=== ACTIVITY ===
Output the listing below verbatim, but drop the images.

◇ ◇ ◇ ◇

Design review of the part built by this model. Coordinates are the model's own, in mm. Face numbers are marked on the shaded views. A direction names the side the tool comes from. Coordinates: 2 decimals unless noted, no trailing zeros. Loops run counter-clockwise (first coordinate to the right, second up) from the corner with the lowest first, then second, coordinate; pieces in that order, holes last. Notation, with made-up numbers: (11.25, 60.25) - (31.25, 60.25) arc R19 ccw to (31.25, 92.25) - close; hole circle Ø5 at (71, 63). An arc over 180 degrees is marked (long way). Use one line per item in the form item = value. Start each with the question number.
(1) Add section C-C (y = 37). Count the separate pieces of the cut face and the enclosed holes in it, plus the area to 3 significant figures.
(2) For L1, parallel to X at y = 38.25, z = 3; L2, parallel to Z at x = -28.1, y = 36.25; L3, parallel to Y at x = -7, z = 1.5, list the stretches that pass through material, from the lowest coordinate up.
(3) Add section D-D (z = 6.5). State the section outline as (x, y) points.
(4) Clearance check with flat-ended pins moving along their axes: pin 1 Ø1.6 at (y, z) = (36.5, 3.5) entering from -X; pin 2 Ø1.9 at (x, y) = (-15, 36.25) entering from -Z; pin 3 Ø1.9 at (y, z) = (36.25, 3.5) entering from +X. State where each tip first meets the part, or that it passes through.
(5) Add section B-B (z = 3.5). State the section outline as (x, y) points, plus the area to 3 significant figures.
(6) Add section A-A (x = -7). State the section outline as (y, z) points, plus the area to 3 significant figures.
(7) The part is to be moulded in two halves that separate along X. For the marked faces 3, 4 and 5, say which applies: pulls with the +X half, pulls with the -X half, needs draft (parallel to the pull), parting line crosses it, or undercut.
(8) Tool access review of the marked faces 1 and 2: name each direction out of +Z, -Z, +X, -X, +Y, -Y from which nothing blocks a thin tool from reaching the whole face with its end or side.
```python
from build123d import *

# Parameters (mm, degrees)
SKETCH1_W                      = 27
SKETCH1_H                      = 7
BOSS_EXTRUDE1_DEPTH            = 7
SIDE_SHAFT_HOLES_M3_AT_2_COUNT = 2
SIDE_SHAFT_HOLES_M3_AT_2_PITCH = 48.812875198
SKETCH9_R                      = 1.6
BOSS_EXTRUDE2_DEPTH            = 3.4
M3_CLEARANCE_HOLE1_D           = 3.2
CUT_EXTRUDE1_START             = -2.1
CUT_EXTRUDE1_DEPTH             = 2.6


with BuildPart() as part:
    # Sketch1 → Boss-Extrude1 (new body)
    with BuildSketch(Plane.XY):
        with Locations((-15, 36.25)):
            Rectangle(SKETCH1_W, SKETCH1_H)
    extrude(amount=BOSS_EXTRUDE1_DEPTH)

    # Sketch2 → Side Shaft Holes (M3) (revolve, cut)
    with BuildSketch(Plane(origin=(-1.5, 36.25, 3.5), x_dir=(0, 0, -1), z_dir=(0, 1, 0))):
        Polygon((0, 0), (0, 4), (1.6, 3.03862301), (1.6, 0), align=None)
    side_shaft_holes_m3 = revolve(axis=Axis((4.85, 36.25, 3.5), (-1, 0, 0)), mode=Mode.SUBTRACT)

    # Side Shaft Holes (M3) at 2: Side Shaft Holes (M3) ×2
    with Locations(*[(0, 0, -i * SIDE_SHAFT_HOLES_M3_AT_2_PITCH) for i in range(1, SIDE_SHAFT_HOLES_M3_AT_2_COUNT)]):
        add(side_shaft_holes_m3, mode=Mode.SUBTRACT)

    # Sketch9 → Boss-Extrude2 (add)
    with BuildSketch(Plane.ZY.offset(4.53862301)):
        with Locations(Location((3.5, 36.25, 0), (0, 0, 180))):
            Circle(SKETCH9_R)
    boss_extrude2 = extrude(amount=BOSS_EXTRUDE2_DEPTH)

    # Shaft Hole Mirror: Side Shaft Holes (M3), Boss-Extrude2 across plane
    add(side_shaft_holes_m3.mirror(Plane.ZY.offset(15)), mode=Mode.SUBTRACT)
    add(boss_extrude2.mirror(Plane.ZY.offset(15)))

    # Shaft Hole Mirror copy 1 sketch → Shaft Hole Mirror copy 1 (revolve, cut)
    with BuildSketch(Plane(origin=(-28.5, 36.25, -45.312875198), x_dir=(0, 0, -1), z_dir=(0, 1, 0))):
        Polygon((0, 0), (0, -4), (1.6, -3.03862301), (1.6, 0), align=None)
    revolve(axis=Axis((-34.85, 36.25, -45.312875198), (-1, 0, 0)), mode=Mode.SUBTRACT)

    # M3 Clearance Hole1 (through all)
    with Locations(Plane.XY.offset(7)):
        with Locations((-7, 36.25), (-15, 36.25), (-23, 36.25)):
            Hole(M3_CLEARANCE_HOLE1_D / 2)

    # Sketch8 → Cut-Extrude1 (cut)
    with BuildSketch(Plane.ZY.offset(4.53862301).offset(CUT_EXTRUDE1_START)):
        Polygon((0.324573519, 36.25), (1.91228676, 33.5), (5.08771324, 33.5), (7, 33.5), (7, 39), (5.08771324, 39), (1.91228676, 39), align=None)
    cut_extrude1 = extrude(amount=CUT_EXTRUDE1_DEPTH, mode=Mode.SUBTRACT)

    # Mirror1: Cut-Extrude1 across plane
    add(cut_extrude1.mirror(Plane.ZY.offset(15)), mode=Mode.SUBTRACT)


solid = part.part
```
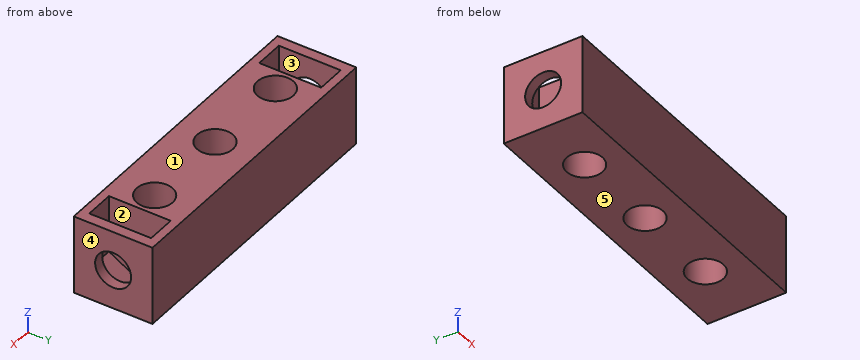
Computed values:
q1.separate_pieces = 6
q1.enclosed_holes = 0
q1.area = 91.9 mm^2
q2.L1 = -28.5 to -27.56, -24.96 to -5.04, -2.44 to -1.5
q2.L2 = 0 to 1.9, 5.1 to 7
q2.L3 = 32.75 to 34.65, 37.85 to 39.75
q3.outline = (-28.5, 32.75) - (-1.5, 32.75) - (-1.5, 39.75) - (-28.5, 39.75) - close; hole (-27.56, 33.5) - (-24.96, 33.5) - (-24.96, 39) - (-27.56, 39) - close; hole circle Ø3.2 at (-23, 36.25); hole circle Ø3.2 at (-15, 36.25); hole circle Ø3.2 at (-7, 36.25); hole (-5.04, 33.5) - (-2.44, 33.5) - (-2.44, 39) - (-5.04, 39) - close
q4.pin_1 = -24.96
q4.pin_2 = through
q4.pin_3 = -5.04
q5.outline = (-28.5, 32.75) - (-1.5, 32.75) - (-1.5, 34.65) - (-2.44, 34.65) - (-2.44, 33.5) - (-5.04, 33.5) - (-5.04, 39) - (-2.44, 39) - (-2.44, 37.85) - (-1.5, 37.85) - (-1.5, 39.75) - (-28.5, 39.75) - (-28.5, 37.85) - (-27.56, 37.85) - (-27.56, 39) - (-24.96, 39) - (-24.96, 33.5) - (-27.56, 33.5) - (-27.56, 34.65) - (-28.5, 34.65) - close; hole circle Ø3.2 at (-23, 36.25); hole circle Ø3.2 at (-15, 36.25); hole circle Ø3.2 at (-7, 36.25)
q5.area = 130 mm^2
q6.outline = (32.75, 0) - (34.65, 0) - (34.65, 7) - (32.75, 7) - close; (37.85, 0) - (39.75, 0) - (39.75, 7) - (37.85, 7) - close
q6.area = 26.6 mm^2
q7.face_3 = undercut
q7.face_4 = pulls with the +X half
q7.face_5 = needs draft
q8.face_1 = +Z, +X, -X, +Y, -Y
q8.face_2 = +Z

◇ ◇ ◇ ◇

=== OUTPUT OF THE EXERCISE ===
Design review of the part built by this model. Coordinates are the model's own, in mm. Face numbers are marked on the shaded views. A direction names the side the tool comes from. Coordinates: 2 decimals unless noted, no trailing zeros. Loops run counter-clockwise (first coordinate to the right, second up) from the corner with the lowest first, then second, coordinate; pieces in that order, holes last. Notation, with made-up numbers: (11.25, 60.25) - (31.25, 60.25) arc R19 ccw to (31.25, 92.25) - close; hole circle Ø5 at (71, 63). An arc over 180 degrees is marked (long way). Use one line per item in the form item = value. Start each with the question number.
(1) Add section C-C (y = 37). Count the separate pieces of the cut face and the enclosed holes in it, plus the area to 3 significant figures.
(2) For L1, parallel to X at y = 38.25, z = 3; L2, parallel to Z at x = -28.1, y = 36.25; L3, parallel to Y at x = -7, z = 1.5, list the stretches that pass through material, from the lowest coordinate up.
(3) Add section D-D (z = 6.5). State the section outline as (x, y) points.
(4) Clearance check with flat-ended pins moving along their axes: pin 1 Ø1.6 at (y, z) = (36.5, 3.5) entering from -X; pin 2 Ø1.9 at (x, y) = (-15, 36.25) entering from -Z; pin 3 Ø1.9 at (y, z) = (36.25, 3.5) entering from +X. State where each tip first meets the part, or that it passes through.
(5) Add section B-B (z = 3.5). State the section outline as (x, y) points, plus the area to 3 significant figures.
(6) Add section A-A (x = -7). State the section outline as (y, z) points, plus the area to 3 significant figures.
(7) The part is to be moulded in two halves that separate along X. For the marked faces 3, 4 and 5, say which applies: pulls with the +X half, pulls with the -X half, needs draft (parallel to the pull), parting line crosses it, or undercut.
(8) Tool access review of the marked faces 1 and 2: name each direction out of +Z, -Z, +X, -X, +Y, -Y from which nothing blocks a thin tool from reaching the whole face with its end or side.
```python
from build123d import *

# Parameters (mm, degrees)
SKETCH1_W                      = 27
SKETCH1_H                      = 7
BOSS_EXTRUDE1_DEPTH            = 7
SIDE_SHAFT_HOLES_M3_AT_2_COUNT = 2
SIDE_SHAFT_HOLES_M3_AT_2_PITCH = 48.812875198
SKETCH9_R                      = 1.6
BOSS_EXTRUDE2_DEPTH            = 3.4
M3_CLEARANCE_HOLE1_D           = 3.2
CUT_EXTRUDE1_START             = -2.1
CUT_EXTRUDE1_DEPTH             = 2.6


with BuildPart() as part:
    # Sketch1 → Boss-Extrude1 (new body)
    with BuildSketch(Plane.XY):
        with Locations((-15, 36.25)):
            Rectangle(SKETCH1_W, SKETCH1_H)
    extrude(amount=BOSS_EXTRUDE1_DEPTH)

    # Sketch2 → Side Shaft Holes (M3) (revolve, cut)
    with BuildSketch(Plane(origin=(-1.5, 36.25, 3.5), x_dir=(0, 0, -1), z_dir=(0, 1, 0))):
        Polygon((0, 0), (0, 4), (1.6, 3.03862301), (1.6, 0), align=None)
    side_shaft_holes_m3 = revolve(axis=Axis((4.85, 36.25, 3.5), (-1, 0, 0)), mode=Mode.SUBTRACT)

    # Side Shaft Holes (M3) at 2: Side Shaft Holes (M3) ×2
    with Locations(*[(0, 0, -i * SIDE_SHAFT_HOLES_M3_AT_2_PITCH) for i in range(1, SIDE_SHAFT_HOLES_M3_AT_2_COUNT)]):
        add(side_shaft_holes_m3, mode=Mode.SUBTRACT)

    # Sketch9 → Boss-Extrude2 (add)
    with BuildSketch(Plane.ZY.offset(4.53862301)):
        with Locations(Location((3.5, 36.25, 0), (0, 0, 180))):
            Circle(SKETCH9_R)
    boss_extrude2 = extrude(amount=BOSS_EXTRUDE2_DEPTH)

    # Shaft Hole Mirror: Side Shaft Holes (M3), Boss-Extrude2 across plane
    add(side_shaft_holes_m3.mirror(Plane.ZY.offset(15)), mode=Mode.SUBTRACT)
    add(boss_extrude2.mirror(Plane.ZY.offset(15)))

    # Shaft Hole Mirror copy 1 sketch → Shaft Hole Mirror copy 1 (revolve, cut)
    with BuildSketch(Plane(origin=(-28.5, 36.25, -45.312875198), x_dir=(0, 0, -1), z_dir=(0, 1, 0))):
        Polygon((0, 0), (0, -4), (1.6, -3.03862301), (1.6, 0), align=None)
    revolve(axis=Axis((-34.85, 36.25, -45.312875198), (-1, 0, 0)), mode=Mode.SUBTRACT)

    # M3 Clearance Hole1 (through all)
    with Locations(Plane.XY.offset(7)):
        with Locations((-7, 36.25), (-15, 36.25), (-23, 36.25)):
            Hole(M3_CLEARANCE_HOLE1_D / 2)

    # Sketch8 → Cut-Extrude1 (cut)
    with BuildSketch(Plane.ZY.offset(4.53862301).offset(CUT_EXTRUDE1_START)):
        Polygon((0.324573519, 36.25), (1.91228676, 33.5), (5.08771324, 33.5), (7, 33.5), (7, 39), (5.08771324, 39), (1.91228676, 39), align=None)
    cut_extrude1 = extrude(amount=CUT_EXTRUDE1_DEPTH, mode=Mode.SUBTRACT)

    # Mirror1: Cut-Extrude1 across plane
    add(cut_extrude1.mirror(Plane.ZY.offset(15)), mode=Mode.SUBTRACT)


solid = part.part
```
Computed values:
q1.separate_pieces = 6
q1.enclosed_holes = 0
q1.area = 91.9 mm^2
q2.L1 = -28.5 to -27.56, -24.96 to -5.04, -2.44 to -1.5
q2.L2 = 0 to 1.9, 5.1 to 7
q2.L3 = 32.75 to 34.65, 37.85 to 39.75
q3.outline = (-28.5, 32.75) - (-1.5, 32.75) - (-1.5, 39.75) - (-28.5, 39.75) - close; hole (-27.56, 33.5) - (-24.96, 33.5) - (-24.96, 39) - (-27.56, 39) - close; hole circle Ø3.2 at (-23, 36.25); hole circle Ø3.2 at (-15, 36.25); hole circle Ø3.2 at (-7, 36.25); hole (-5.04, 33.5) - (-2.44, 33.5) - (-2.44, 39) - (-5.04, 39) - close
q4.pin_1 = -24.96
q4.pin_2 = through
q4.pin_3 = -5.04
q5.outline = (-28.5, 32.75) - (-1.5, 32.75) - (-1.5, 34.65) - (-2.44, 34.65) - (-2.44, 33.5) - (-5.04, 33.5) - (-5.04, 39) - (-2.44, 39) - (-2.44, 37.85) - (-1.5, 37.85) - (-1.5, 39.75) - (-28.5, 39.75) - (-28.5, 37.85) - (-27.56, 37.85) - (-27.56, 39) - (-24.96, 39) - (-24.96, 33.5) - (-27.56, 33.5) - (-27.56, 34.65) - (-28.5, 34.65) - close; hole circle Ø3.2 at (-23, 36.25); hole circle Ø3.2 at (-15, 36.25); hole circle Ø3.2 at (-7, 36.25)
q5.area = 130 mm^2
q6.outline = (32.75, 0) - (34.65, 0) - (34.65, 7) - (32.75, 7) - close; (37.85, 0) - (39.75, 0) - (39.75, 7) - (37.85, 7) - close
q6.area = 26.6 mm^2
q7.face_3 = undercut
q7.face_4 = pulls with the +X half
q7.face_5 = needs draft
q8.face_1 = +Z, +X, -X, +Y, -Y
q8.face_2 = +Z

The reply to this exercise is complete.